> _Dataset extract_:
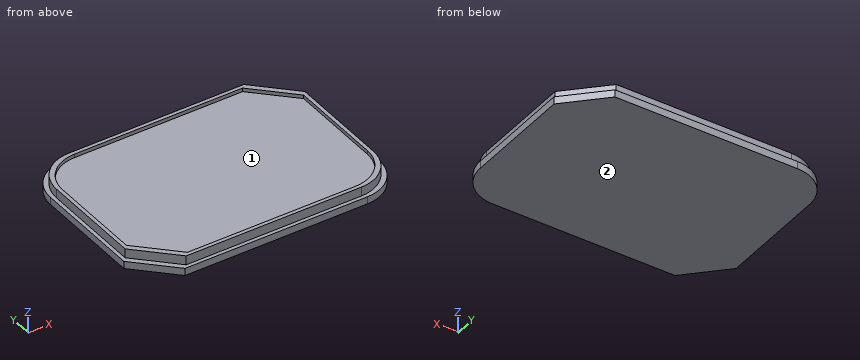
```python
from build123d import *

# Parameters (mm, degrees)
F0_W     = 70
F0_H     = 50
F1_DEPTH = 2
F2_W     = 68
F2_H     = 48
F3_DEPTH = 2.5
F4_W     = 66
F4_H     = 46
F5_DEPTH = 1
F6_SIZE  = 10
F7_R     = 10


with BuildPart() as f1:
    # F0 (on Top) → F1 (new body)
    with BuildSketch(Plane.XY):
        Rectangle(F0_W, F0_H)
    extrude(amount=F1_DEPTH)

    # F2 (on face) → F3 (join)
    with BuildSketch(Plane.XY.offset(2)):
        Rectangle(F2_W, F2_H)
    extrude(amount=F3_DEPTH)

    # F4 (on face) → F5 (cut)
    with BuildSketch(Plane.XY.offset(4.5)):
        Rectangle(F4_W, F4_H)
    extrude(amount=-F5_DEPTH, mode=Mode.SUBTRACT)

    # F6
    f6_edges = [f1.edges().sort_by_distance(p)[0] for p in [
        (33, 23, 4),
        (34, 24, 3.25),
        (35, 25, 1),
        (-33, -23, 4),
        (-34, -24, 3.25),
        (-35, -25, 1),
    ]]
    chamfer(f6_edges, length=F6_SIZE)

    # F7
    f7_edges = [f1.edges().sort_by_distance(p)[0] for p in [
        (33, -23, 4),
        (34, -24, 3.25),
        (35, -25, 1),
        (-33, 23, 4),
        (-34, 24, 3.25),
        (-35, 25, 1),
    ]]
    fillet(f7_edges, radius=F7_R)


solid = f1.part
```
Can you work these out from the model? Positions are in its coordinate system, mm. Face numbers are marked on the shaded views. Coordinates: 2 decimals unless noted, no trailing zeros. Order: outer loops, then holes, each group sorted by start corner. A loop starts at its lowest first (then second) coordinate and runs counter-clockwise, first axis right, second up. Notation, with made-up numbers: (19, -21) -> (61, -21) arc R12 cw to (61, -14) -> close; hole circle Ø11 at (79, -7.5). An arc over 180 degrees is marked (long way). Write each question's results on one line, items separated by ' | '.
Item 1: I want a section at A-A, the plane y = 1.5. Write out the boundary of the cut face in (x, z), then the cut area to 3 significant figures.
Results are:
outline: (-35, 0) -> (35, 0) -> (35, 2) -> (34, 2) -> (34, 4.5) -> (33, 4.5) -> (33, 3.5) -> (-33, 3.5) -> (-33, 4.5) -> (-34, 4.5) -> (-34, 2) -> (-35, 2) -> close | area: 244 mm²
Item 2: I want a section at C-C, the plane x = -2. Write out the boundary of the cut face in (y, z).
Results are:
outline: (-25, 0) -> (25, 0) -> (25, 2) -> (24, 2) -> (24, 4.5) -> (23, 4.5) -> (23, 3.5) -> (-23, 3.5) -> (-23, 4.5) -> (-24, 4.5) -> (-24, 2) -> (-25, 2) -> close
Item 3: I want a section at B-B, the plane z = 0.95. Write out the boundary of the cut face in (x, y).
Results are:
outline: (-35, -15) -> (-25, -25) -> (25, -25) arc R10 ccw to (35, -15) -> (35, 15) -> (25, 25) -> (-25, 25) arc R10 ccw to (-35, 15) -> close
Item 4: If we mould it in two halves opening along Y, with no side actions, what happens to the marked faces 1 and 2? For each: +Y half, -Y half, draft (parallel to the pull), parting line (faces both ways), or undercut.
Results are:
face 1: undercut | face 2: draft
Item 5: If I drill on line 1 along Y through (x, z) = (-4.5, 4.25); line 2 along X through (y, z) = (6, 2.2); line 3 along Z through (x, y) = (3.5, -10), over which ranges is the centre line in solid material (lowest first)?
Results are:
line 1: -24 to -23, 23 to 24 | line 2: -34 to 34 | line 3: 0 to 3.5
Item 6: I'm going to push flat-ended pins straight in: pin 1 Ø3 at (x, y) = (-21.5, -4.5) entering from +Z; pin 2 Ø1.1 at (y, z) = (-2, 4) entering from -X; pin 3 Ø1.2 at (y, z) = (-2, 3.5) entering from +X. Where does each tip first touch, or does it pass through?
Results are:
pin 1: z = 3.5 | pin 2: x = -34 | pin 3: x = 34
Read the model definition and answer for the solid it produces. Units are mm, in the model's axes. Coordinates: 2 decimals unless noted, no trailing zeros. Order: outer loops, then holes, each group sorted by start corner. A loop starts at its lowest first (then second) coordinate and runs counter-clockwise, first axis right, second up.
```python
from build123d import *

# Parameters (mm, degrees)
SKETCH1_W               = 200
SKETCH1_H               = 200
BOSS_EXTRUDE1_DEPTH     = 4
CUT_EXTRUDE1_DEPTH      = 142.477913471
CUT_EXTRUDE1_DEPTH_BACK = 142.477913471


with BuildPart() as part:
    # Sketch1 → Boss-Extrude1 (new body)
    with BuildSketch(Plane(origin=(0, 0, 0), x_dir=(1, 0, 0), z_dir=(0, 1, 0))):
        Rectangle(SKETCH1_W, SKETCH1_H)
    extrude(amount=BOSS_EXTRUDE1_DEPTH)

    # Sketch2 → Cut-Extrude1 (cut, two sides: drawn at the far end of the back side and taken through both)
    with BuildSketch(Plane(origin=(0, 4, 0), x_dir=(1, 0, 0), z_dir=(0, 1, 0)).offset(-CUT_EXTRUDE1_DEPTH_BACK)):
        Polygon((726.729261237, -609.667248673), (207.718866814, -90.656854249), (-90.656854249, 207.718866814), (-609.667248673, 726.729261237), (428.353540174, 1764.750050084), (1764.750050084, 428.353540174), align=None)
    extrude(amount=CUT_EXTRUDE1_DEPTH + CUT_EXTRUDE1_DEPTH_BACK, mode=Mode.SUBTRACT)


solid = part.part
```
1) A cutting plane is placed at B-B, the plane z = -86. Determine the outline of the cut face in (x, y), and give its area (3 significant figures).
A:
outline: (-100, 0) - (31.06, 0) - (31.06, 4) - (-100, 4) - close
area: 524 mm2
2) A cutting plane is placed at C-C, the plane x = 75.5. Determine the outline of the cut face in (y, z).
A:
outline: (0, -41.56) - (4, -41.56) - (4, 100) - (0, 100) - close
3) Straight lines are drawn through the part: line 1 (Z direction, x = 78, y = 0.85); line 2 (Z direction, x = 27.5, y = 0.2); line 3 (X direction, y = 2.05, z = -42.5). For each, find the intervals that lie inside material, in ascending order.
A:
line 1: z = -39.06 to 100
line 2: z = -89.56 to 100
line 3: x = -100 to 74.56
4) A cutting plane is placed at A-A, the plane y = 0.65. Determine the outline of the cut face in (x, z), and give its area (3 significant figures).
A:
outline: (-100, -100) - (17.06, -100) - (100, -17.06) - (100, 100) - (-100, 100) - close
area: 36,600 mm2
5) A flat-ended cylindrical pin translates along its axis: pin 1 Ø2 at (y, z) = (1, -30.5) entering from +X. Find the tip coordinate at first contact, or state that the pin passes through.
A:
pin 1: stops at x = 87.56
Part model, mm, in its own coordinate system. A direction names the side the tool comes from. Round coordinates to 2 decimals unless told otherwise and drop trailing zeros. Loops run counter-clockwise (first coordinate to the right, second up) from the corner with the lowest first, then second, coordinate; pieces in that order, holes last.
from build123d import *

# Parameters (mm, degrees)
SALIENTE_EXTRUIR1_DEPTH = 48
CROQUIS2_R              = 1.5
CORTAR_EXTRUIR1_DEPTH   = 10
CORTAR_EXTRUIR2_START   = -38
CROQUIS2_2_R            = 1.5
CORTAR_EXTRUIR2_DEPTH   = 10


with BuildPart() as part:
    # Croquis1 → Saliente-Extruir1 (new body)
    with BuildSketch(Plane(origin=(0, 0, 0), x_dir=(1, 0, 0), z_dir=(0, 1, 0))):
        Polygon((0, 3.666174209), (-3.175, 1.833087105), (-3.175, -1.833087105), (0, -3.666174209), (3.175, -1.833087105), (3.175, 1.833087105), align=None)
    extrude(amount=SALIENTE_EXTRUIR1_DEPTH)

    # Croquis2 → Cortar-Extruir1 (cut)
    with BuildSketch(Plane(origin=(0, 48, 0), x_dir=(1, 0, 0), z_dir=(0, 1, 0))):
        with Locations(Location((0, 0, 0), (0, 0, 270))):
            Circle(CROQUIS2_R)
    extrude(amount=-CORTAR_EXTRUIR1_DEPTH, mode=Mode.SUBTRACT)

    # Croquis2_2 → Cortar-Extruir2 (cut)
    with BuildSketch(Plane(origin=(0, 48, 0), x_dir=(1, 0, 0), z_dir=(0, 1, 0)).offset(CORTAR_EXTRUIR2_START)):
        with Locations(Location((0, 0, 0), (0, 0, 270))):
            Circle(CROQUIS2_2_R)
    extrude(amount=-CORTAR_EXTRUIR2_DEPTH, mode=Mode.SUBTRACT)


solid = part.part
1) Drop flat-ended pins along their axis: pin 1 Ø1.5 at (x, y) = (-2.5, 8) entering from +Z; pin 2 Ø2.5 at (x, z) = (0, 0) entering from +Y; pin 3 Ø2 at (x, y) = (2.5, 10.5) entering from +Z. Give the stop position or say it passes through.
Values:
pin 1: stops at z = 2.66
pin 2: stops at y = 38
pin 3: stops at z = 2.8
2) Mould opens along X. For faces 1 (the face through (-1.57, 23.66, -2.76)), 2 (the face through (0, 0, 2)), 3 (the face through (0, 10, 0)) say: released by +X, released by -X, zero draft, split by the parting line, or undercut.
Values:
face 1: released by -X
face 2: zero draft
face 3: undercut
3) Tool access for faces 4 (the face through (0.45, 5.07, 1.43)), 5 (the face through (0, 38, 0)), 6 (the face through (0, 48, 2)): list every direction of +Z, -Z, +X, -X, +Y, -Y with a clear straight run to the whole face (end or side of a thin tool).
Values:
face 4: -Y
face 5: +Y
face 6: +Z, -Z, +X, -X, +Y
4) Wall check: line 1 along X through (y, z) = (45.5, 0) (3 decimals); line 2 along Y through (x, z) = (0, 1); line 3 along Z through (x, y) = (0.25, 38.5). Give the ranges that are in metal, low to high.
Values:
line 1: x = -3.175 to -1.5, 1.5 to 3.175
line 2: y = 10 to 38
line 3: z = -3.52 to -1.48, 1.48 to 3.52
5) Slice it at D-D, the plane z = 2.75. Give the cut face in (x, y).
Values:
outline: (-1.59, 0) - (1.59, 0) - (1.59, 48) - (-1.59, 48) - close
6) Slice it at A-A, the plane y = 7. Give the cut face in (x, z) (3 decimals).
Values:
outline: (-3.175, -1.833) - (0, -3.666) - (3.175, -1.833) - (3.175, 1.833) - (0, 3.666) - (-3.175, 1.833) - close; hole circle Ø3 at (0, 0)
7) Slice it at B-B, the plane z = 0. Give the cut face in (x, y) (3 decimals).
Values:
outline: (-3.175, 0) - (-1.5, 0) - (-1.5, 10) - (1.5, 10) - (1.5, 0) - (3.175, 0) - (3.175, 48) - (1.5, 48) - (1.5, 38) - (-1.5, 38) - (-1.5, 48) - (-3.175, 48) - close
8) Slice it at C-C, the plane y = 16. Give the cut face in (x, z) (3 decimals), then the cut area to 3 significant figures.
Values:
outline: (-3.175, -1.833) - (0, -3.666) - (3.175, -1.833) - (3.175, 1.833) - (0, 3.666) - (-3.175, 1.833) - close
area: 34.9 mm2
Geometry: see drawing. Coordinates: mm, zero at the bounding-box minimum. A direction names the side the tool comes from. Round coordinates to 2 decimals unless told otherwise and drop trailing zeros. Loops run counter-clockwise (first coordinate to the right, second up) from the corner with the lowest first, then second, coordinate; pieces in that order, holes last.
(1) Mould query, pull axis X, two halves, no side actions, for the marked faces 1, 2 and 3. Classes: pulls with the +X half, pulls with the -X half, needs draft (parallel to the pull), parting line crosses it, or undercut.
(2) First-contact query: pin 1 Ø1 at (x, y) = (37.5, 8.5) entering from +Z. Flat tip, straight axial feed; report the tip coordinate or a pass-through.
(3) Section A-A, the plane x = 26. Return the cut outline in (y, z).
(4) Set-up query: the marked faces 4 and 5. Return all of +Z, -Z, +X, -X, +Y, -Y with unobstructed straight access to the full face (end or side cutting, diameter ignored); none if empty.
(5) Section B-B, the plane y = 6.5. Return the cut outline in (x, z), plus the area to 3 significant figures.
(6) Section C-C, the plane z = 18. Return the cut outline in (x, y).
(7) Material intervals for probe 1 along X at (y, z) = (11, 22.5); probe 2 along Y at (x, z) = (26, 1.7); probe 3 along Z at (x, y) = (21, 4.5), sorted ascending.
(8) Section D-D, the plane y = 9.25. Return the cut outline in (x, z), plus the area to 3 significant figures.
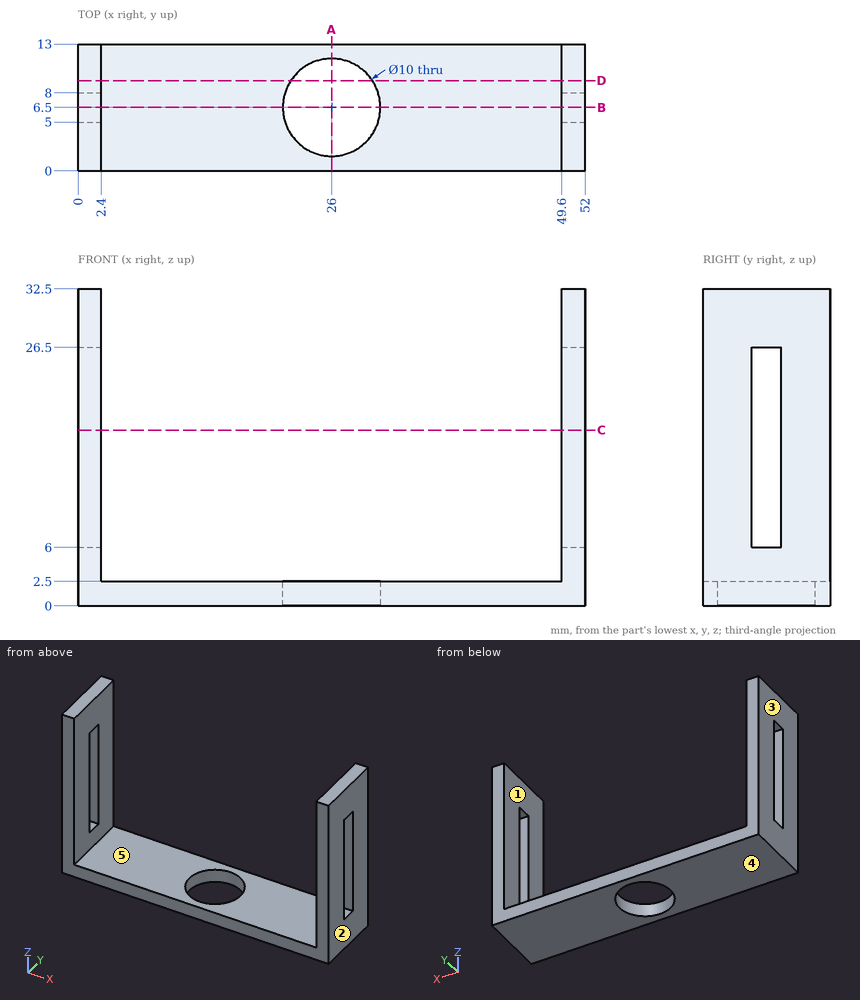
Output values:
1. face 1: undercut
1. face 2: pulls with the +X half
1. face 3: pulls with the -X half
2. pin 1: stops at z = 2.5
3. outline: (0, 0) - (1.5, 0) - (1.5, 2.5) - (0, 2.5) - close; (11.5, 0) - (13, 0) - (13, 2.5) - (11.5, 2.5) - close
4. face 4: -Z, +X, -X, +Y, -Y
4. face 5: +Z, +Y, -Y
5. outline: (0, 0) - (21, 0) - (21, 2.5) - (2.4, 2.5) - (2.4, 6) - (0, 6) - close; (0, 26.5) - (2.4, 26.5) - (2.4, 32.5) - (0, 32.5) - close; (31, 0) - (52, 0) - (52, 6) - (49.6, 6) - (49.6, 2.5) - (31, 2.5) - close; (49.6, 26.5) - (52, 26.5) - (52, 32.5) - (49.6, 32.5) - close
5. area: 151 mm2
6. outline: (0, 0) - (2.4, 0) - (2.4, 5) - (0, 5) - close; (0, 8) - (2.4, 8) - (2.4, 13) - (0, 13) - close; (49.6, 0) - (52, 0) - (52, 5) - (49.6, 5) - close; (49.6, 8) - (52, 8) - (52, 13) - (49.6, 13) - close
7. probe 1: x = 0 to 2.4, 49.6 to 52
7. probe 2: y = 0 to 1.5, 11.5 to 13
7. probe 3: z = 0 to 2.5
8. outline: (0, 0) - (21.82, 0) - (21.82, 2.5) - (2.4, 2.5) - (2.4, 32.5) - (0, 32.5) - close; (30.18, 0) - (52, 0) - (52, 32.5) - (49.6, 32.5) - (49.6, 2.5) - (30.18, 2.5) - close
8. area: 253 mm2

> _About this task_: In the listing above, each line with the word "ranges" is to be copied out.

> _Answer section_:
Item 5: If I drill on line 1 along Y through (x, z) = (-4.5, 4.25); line 2 along X through (y, z) = (6, 2.2); line 3 along Z through (x, y) = (3.5, -10), over which ranges is the centre line in solid material (lowest first)?
4) Wall check: line 1 along X through (y, z) = (45.5, 0) (3 decimals); line 2 along Y through (x, z) = (0, 1); line 3 along Z through (x, y) = (0.25, 38.5). Give the ranges that are in metal, low to high.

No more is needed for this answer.